The Finnish power utility Fortum is planning to build a solar park in Luunja Municipality, near Tartu in northeastern Estonia. In a statement to pv magazine, the company has confirmed a media article released by local press agency BNS, which reported about its plan to install the country’s first MW-sized PV plant.
Fortum, however, has specified that the project is only at an early stage, and that the amount of investment and the size of the plant have not been decided yet.

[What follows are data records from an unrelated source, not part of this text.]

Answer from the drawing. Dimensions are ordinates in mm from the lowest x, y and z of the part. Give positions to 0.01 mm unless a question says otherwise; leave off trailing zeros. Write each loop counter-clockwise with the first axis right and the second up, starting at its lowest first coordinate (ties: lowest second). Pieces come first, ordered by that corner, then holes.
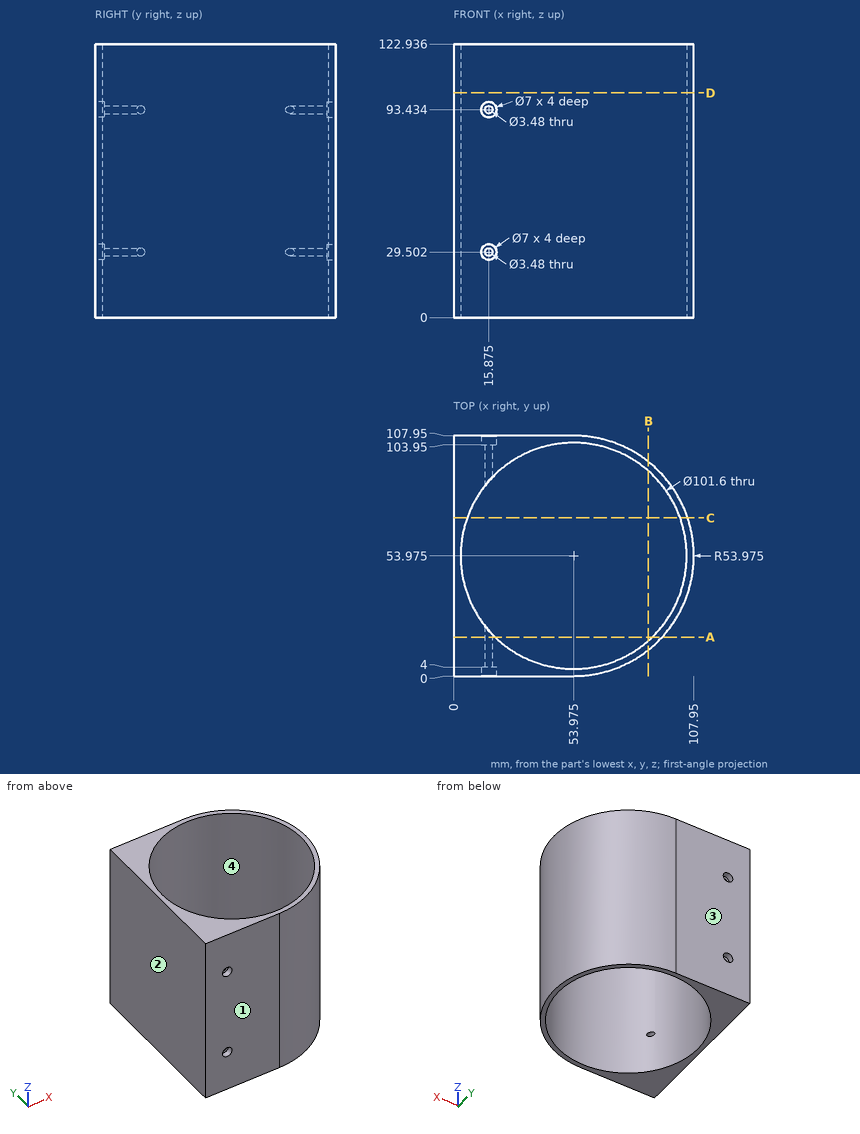
Item 1: Section B-B (x = 87.5) is taken. Write down the section's boundary in (y, z), and give its area (3 significant figures).
Result set:
outline: (11.67, 0) - (15.81, 0) - (15.81, 122.94) - (11.67, 122.94) - close; (92.14, 0) - (96.28, 0) - (96.28, 122.94) - (92.14, 122.94) - close
area: 1,020 mm2
Item 2: Section A-A (y = 17.5) is taken. Write down the section's boundary in (x, z) (1 decimal), and give its area (3 significant figures).
Result set:
outline: (0, 0) - (18.6, 0) - (18.6, 122.9) - (0, 122.9) - close; (89.3, 0) - (93.8, 0) - (93.8, 122.9) - (89.3, 122.9) - close; hole circle Ø3.5 at (15.9, 29.5); hole circle Ø3.5 at (15.9, 93.4)
area: 2,810 mm2
Item 3: Each of these flat-tipped pins is pushed along its axis until it touches: pin 1 Ø5.5 at (x, z) = (15.5, 93) entering from +Y; pin 2 Ø5.5 at (x, z) = (17.5, 31) entering from +Y; pin 3 Ø2 at (x, z) = (15.88, 29.5) entering from +Y; pin 4 Ø4.5 at (x, z) = (15.88, 29.5) entering from -Y. Where does it stop, or does it pass through?
Result set:
pin 1: stops at y = 103.95
pin 2: stops at y = 107.95
pin 3: passes through
pin 4: stops at y = 4
Item 4: Section D-D (z = 101) is taken. Write down the section's boundary in (x, y) (3 decimals).
Result set:
outline: (0, 0) - (53.975, 0) arc R53.975 ccw to (53.975, 107.95) - (0, 107.95) - close; hole circle Ø101.6 at (53.975, 53.975)
Item 5: Find the intervals of material crossed by line 1 along X through (y, z) = (61, 11.5); line 2 along X through (y, z) = (94.5, 8) (1 decimal); line 3 along Y through (x, z) = (24.5, 36), in increasing order.
Result set:
line 1: x = 0 to 3.66, 104.29 to 107.49
line 2: x = 0 to 23.3, 84.6 to 89.6
line 3: y = 0 to 12.6, 95.35 to 107.95
Item 6: Section C-C (y = 71) is taken. Write down the section's boundary in (x, z) (1 decimal), and give its area (3 significant figures).
Result set:
outline: (0, 0) - (6.1, 0) - (6.1, 122.9) - (0, 122.9) - close; (101.8, 0) - (105.2, 0) - (105.2, 122.9) - (101.8, 122.9) - close
area: 1,160 mm2
Item 7: Determine the mould class of the marked faces 1, 2, 3 and 4 for opening direction Y: pulls with the +Y half, pulls with the -Y half, needs draft (parallel to the pull), parting line crosses it, or undercut.
Result set:
face 1: pulls with the -Y half
face 2: needs draft
face 3: pulls with the +Y half
face 4: undercut

According to BNS, the project could have capacity between 10 and 50 MW, and require an investment between €10 million and €50 million. The size of the project would depend on how much land the company will be able to secure for the project. BNS reports, in fact, that the acquisition of the necessary land, which is currently owned by the state, remains unresolved.
The plant is expected to be built on polluted land or former military training areas. The CEO of local Fortum’s unit Fortum Tartu Margo Kulaots said to BNS that the project could also be completed by the end of this year “if everything goes according to plan.”
Fortum produces and sells electricity and heat in the Estonian cities of Tartu and Pärnu. The unit in Pärnu is 100% owned by Fortum, while the company has a 60% stake of the business in Tartu.
Fortum is targeting a GW-scale wind and solar portfolio. The company intends to invest between €200 million ($213.4 million) and €400 million ($426.9 million) in the development of large-scale solar projects in India. In early April, Fortum completed its third solar park in India, a 70 MW PV plant located at the Bhadla solar park in Rajasthan, northwestern India.
Estonia’s government is currently planning to change the law regulating electricity markets, replacing the current feed-in premium scheme for renewable energies with an auction mechanism. Estonia’s cumulative PV capacity reached 10 MW at the end of 2016.